Combined with the previously observed higher overall importance of the default-mode and frontoparietal networks and reduced importance of the sensory networks in cognitively impaired patients with MS (12), our finding of reduced dynamics in these same networks in cognitively impaired participants with MS may indicate that networks become less dynamic or “stuck” in their high- and low-centrality positions, respectively. Previous studies have indicated the relevance of high default-mode network dynamics during cognitive task performance (27) and impaired working memory function associated with reduced default-mode network suppression in cognitively impaired patients with MS (5). A more central and less dynamic (ie, stuck) default-mode network could therefore potentially prevent dynamic suppression of default-mode network activity during (externally oriented) cognitive processing (4). It has been hypothesized that attenuation of the default-mode network is necessary for adequate goal-directed action and impaired default-mode attenuation may result in lapses of attention through intrusion of introspective thought, reducing cognitive task performance (28).

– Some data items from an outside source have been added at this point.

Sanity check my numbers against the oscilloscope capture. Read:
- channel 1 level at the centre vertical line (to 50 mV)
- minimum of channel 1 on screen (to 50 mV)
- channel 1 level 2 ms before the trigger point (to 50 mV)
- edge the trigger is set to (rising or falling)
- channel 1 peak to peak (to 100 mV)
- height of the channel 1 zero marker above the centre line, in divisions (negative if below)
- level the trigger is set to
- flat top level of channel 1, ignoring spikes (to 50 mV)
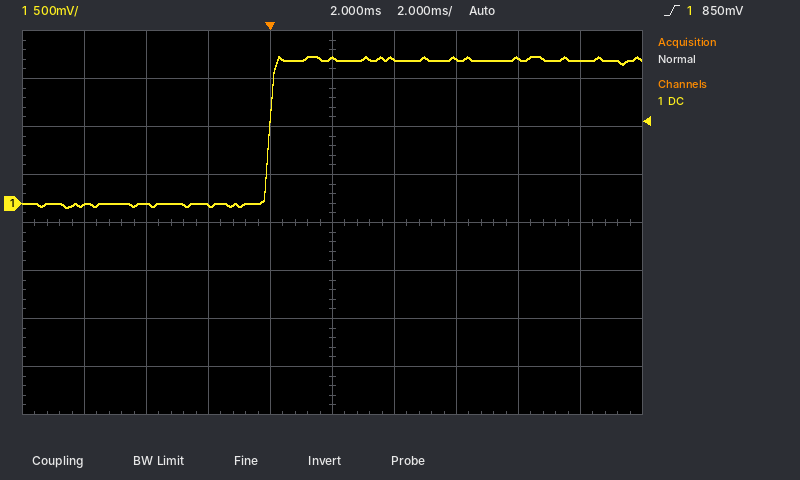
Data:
1.50 V
-50 mV
0 mV
rising
1.60 V
+0.4 div
850 mV
1.50 V
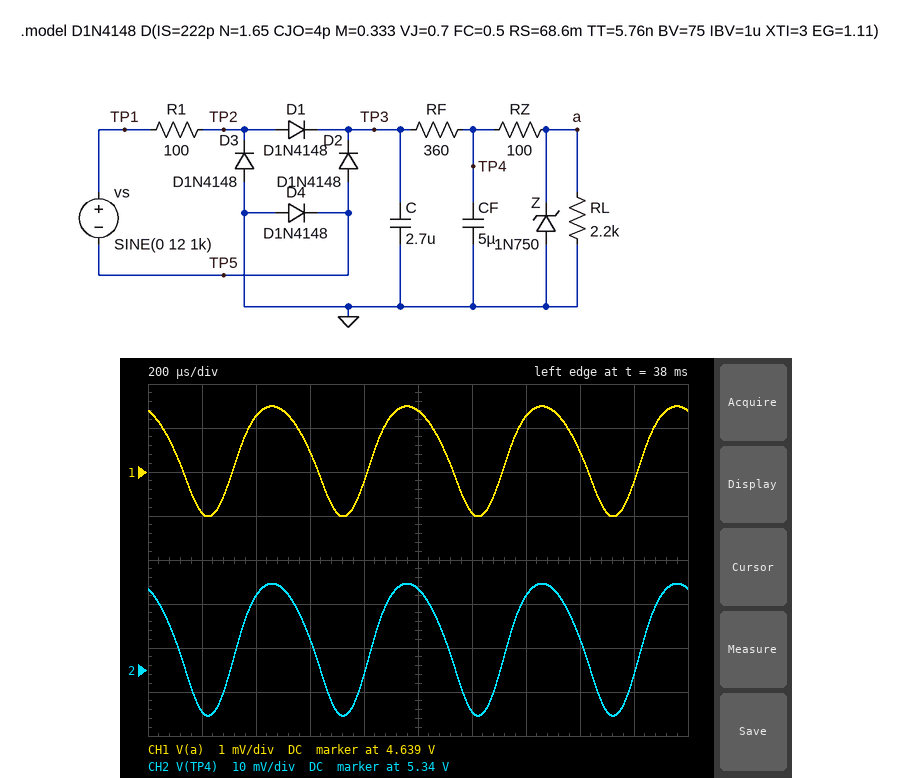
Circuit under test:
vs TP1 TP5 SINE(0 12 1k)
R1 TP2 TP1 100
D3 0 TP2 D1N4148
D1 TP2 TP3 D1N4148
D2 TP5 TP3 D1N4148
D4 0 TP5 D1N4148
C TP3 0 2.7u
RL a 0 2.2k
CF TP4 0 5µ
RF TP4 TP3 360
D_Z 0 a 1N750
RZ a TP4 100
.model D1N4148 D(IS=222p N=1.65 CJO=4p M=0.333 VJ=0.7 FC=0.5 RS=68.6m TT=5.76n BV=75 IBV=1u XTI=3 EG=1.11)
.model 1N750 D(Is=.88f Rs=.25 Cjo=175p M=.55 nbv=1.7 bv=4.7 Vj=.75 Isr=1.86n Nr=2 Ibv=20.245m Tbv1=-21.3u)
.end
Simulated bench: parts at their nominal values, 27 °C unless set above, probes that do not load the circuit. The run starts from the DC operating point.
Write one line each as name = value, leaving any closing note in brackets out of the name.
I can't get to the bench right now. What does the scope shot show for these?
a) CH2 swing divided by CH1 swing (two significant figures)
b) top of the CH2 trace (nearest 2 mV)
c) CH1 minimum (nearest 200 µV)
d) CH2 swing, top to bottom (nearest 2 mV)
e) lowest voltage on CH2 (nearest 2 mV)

CH2 swing divided by CH1 swing = 12
top of the CH2 trace = 5.360 V
CH1 minimum = 4.6380 V
CH2 swing, top to bottom = 30 mV
lowest voltage on CH2 = 5.330 V
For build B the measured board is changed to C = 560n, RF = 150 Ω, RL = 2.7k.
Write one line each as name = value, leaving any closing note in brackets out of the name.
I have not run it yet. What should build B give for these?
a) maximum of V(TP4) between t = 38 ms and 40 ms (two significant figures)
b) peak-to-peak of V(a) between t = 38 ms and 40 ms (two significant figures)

maximum of V(TP4) between t = 38 ms and 40 ms = 5.7 V
peak-to-peak of V(a) between t = 38 ms and 40 ms = 17 mV
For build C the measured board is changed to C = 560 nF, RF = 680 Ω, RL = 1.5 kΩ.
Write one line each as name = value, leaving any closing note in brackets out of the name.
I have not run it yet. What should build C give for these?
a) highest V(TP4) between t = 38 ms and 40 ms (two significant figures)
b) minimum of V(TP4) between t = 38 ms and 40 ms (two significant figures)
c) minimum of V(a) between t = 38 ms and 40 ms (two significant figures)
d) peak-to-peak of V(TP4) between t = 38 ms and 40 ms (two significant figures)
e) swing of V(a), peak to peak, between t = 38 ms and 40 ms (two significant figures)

highest V(TP4) between t = 38 ms and 40 ms = 5.1 V
minimum of V(TP4) between t = 38 ms and 40 ms = 5.0 V
minimum of V(a) between t = 38 ms and 40 ms = 4.6 V
peak-to-peak of V(TP4) between t = 38 ms and 40 ms = 51 mV
swing of V(a), peak to peak, between t = 38 ms and 40 ms = 11 mV
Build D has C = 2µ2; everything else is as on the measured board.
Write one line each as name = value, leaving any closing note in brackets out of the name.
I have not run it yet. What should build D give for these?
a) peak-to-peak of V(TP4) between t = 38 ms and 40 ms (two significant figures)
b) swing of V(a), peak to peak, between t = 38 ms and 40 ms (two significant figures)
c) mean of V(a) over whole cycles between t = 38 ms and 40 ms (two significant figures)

peak-to-peak of V(TP4) between t = 38 ms and 40 ms = 37 mV
swing of V(a), peak to peak, between t = 38 ms and 40 ms = 3.1 mV
mean of V(a) over whole cycles between t = 38 ms and 40 ms = 4.6 V

The observation that centrality patterns fluctuate along classic resting-state network patterns was previously suggested in a smaller healthy control study that used k-means clustering on dynamic centrality maps to show “representative dominant patterns” resembling resting-state networks (29). The finding that resting-state networks are hierarchically organized into multinetwork clusters demonstrating positively and negatively correlated behavior agrees with findings of previous studies that showed negatively correlated resting-state network activity fluctuations (30). To our knowledge, however, this has not yet been shown for a higher-order network measure of regional functional importance. Although the exact functional underpinnings of these negative correlations over time remain unknown, a common view is that these negatively correlated networks process opposing functions and compete for processing resources (31,32).

A negative correlation between the default-mode and the (external visuospatial attention–related) dorsal attention network has been shown previously (33). Our finding of a reduced negative correlation between the default-mode and visual networks could represent a disruption in the intrinsic wiring between these internally and externally focused systems. It is currently unclear how accumulating pathology in MS could drive such disruption, but reduced cofluctuations have frequently been reported in stroke (34) and traumatic brain injury (35), commonly interpreted as resulting from damage to connecting tracts. Our finding that the loss of negative correlation between default-mode and visual networks in cognitively impaired patients with MS was related to lesion volume could suggest that damage to the underlying tracts due to MS pathology disrupts the negatively correlated dynamics between opposing functional systems, thereby possibly hampering normal cognitive functioning.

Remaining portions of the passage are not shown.